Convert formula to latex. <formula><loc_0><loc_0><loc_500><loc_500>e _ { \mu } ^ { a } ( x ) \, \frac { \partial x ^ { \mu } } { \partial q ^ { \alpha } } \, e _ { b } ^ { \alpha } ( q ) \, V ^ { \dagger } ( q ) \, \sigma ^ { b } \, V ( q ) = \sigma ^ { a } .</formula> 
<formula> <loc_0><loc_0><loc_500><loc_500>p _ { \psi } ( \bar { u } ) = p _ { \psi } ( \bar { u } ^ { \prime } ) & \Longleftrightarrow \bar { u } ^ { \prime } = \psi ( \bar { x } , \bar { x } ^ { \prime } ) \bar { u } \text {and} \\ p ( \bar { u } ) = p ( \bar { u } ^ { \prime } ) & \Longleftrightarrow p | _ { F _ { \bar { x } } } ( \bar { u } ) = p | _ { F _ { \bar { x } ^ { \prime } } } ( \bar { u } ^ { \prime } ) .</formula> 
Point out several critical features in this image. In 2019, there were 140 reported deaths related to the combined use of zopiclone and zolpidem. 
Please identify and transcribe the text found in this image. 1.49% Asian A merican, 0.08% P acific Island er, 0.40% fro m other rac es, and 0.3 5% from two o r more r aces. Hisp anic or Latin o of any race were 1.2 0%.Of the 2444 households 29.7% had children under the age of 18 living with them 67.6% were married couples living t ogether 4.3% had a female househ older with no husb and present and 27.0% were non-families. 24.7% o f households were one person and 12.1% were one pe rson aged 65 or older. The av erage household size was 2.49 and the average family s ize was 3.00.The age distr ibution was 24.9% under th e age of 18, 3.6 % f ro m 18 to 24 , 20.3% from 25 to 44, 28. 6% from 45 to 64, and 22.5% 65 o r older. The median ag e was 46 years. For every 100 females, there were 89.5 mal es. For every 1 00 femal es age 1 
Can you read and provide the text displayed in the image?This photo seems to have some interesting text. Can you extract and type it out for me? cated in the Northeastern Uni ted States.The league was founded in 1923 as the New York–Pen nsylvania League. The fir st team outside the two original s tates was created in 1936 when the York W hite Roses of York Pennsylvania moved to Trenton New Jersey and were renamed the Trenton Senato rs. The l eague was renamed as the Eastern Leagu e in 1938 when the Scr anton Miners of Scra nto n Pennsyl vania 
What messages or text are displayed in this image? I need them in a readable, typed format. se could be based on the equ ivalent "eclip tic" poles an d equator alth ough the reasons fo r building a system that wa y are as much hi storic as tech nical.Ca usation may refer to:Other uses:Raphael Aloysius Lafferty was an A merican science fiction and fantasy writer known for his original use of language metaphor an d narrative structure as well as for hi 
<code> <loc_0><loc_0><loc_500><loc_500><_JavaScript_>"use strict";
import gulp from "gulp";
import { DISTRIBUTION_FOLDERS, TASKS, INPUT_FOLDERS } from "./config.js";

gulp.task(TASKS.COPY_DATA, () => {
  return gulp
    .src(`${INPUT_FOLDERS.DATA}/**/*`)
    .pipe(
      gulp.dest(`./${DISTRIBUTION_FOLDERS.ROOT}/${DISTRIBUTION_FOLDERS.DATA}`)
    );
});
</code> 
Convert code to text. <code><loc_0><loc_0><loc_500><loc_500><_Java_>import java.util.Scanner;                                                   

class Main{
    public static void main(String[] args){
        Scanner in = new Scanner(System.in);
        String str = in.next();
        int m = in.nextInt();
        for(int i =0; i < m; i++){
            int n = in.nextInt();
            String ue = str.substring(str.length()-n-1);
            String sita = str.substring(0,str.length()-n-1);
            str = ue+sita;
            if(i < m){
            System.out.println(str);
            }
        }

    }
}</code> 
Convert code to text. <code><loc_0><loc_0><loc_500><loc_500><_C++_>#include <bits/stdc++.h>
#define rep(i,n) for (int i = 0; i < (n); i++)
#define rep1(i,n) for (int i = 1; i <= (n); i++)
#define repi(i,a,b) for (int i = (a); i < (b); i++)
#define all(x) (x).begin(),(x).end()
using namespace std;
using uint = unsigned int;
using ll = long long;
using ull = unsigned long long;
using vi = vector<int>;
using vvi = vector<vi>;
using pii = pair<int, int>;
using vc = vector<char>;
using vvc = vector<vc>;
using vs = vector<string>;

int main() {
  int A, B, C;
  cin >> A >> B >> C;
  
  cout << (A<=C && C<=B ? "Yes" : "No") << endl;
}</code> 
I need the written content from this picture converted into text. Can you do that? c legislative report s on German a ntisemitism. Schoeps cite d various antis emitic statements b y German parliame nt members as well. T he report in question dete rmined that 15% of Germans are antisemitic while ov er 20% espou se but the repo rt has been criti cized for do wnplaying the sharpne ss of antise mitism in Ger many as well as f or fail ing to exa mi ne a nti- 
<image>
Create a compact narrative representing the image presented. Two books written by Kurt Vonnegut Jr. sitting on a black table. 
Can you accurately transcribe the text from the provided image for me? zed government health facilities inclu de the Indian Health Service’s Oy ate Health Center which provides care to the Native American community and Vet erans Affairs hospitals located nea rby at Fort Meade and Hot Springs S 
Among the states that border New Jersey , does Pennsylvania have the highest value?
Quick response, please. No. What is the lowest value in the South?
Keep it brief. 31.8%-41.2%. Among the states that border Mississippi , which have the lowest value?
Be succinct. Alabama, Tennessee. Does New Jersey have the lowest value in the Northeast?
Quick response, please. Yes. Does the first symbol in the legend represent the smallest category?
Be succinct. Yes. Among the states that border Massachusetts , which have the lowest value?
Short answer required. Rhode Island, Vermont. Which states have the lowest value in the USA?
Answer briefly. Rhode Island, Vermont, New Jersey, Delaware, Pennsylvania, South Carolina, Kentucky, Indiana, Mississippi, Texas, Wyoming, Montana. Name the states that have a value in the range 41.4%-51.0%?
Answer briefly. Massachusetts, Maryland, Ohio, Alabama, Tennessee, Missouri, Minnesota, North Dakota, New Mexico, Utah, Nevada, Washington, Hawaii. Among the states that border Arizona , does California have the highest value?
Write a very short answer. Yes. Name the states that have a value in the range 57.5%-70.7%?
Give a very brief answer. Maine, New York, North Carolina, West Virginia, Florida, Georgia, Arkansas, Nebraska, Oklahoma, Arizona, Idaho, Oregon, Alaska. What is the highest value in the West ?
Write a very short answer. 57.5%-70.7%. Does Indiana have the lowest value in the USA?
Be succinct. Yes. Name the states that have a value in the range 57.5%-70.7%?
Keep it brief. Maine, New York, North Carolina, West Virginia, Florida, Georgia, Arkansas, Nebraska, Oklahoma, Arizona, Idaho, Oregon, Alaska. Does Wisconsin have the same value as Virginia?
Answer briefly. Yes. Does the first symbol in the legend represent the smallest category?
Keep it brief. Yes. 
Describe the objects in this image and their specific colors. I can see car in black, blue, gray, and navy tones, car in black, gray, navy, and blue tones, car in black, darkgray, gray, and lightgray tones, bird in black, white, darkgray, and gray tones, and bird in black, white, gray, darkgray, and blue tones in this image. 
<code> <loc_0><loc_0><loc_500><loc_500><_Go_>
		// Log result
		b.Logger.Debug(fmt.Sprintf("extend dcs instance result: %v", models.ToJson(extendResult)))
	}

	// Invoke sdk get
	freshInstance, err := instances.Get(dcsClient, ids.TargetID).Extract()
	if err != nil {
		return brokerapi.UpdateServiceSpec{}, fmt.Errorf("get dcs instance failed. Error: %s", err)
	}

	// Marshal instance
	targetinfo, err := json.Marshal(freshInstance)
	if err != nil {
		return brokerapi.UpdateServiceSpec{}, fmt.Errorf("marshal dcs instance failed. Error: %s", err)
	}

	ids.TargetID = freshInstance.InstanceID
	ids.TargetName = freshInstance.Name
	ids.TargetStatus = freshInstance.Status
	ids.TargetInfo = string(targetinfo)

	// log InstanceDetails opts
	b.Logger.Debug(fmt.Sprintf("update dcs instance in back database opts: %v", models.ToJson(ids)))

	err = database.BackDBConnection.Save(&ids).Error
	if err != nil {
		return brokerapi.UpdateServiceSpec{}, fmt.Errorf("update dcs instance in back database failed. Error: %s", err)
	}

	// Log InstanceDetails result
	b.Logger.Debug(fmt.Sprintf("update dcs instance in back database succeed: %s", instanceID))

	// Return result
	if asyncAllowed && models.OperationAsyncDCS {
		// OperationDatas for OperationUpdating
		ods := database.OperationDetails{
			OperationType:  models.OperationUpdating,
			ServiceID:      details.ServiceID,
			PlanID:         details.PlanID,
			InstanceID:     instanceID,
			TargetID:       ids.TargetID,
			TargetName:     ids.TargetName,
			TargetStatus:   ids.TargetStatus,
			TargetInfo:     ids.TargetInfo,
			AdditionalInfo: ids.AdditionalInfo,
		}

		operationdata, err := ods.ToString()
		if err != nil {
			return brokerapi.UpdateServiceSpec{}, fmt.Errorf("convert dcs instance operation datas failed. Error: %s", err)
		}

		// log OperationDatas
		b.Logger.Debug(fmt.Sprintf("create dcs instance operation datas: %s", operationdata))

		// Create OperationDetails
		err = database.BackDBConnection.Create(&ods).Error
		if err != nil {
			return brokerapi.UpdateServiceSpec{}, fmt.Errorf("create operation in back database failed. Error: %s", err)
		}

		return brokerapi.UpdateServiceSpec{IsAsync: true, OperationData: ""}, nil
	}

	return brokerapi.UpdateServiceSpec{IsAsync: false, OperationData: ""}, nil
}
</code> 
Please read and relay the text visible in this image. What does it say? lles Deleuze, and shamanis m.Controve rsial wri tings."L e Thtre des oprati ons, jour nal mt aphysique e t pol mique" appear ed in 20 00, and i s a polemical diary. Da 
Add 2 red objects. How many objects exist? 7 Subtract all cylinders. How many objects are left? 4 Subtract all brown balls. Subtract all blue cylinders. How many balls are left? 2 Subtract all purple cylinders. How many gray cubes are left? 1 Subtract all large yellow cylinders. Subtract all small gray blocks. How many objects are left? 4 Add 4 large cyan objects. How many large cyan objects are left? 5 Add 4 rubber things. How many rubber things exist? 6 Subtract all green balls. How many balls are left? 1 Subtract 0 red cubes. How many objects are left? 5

**Assigned task:**
From the records above, pull out every line containing the word "Tennessee".

**Task answer:**
Be succinct. Alabama, Tennessee. Does New Jersey have the lowest value in the Northeast?
Answer briefly. Massachusetts, Maryland, Ohio, Alabama, Tennessee, Missouri, Minnesota, North Dakota, New Mexico, Utah, Nevada, Washington, Hawaii. Among the states that border Arizona , does California have the highest value?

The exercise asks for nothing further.